As the OP writes, I think most the ideas here would be valid entries in the hackathon, though the emphasis is on forecast aggregation & methods for scoring individuals. I'm particularly interested in decay of predictions idea. I don't think we know how well predictions age, and what the right strategy for updating your predictions should be for long-running questions.

Comment by dschwarz on Human errors, human values · 2011-04-13T02:49:24.788Z · LW · GW

I have to respectfully disagree with your position. Kant's point, and the point of similar people who make the sweeping universalizations that you dislike, is that it is only in such idealized circumstances that we can make rational decisions. What makes a decision good or bad is whether it would be the decision rational people would endorse in a perfect society.

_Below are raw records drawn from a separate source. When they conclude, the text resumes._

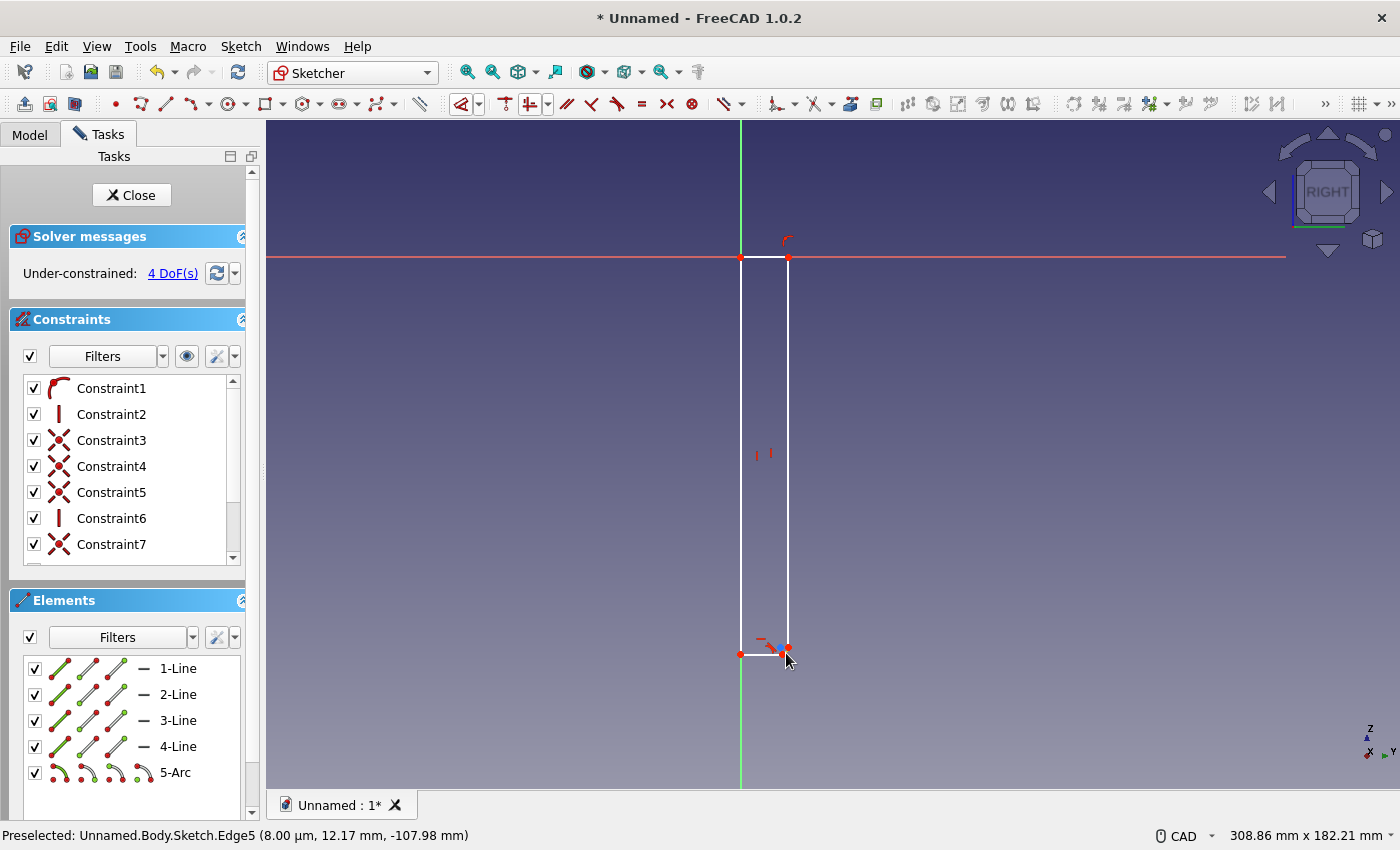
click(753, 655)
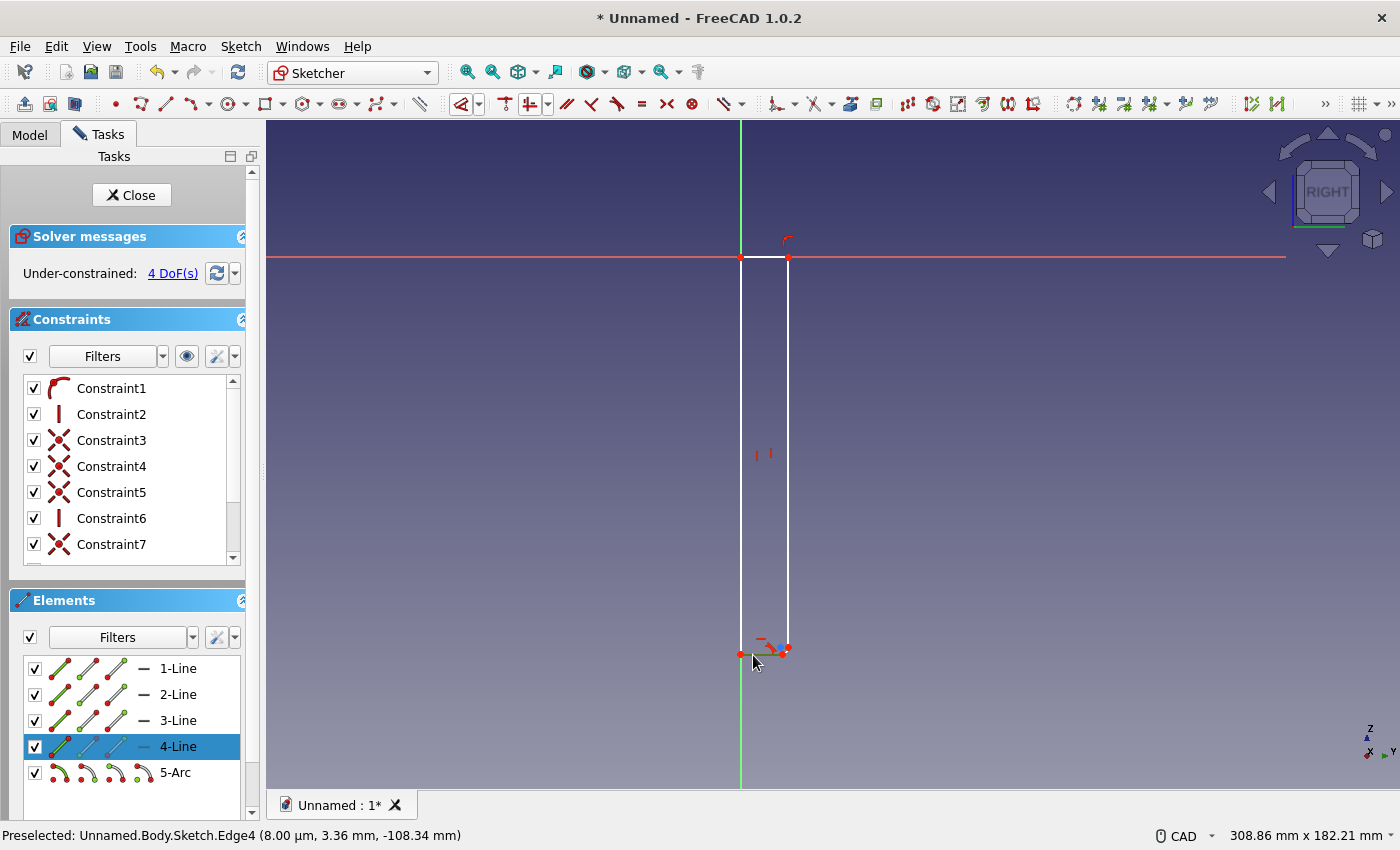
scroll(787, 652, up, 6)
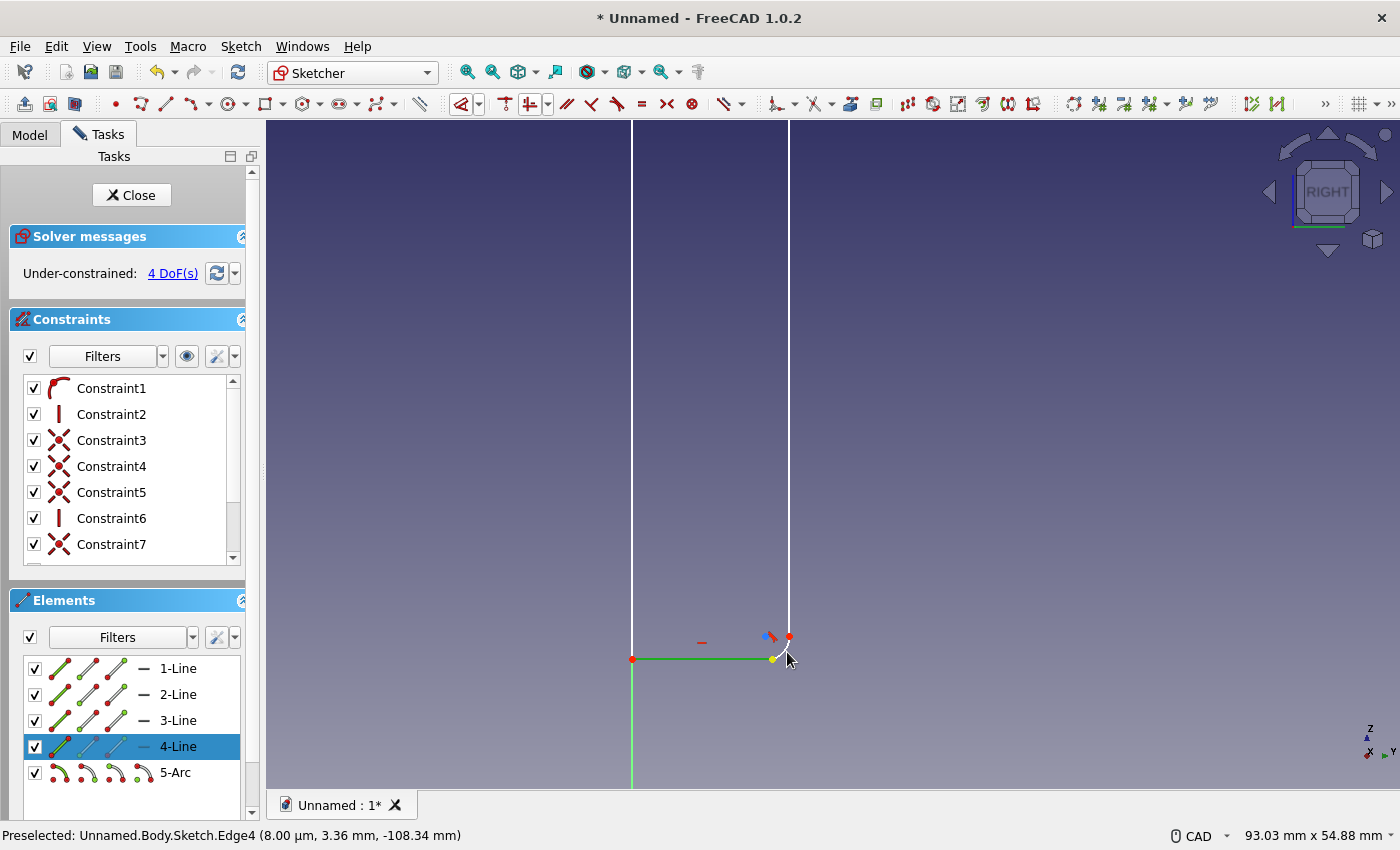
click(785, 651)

The trouble is not moving from our flawed world to an ideal world. The trouble is taking the lesson we've learned from considering the ideal world and applying it to the flawed world. Kant's program is widely considered to be a failure because it fails to provide real guidelines for the real world.

Basically, my point is that asking the Rawlsian "Would you prefer to live in a society where people do X" is valid. However, one may answer that question with "yes" and still rationally refrain from doing X. So your general point, that local and concrete decisions rule the day, still stands. Personally, though, I try to approach local and concrete decisions the way that Rawls does.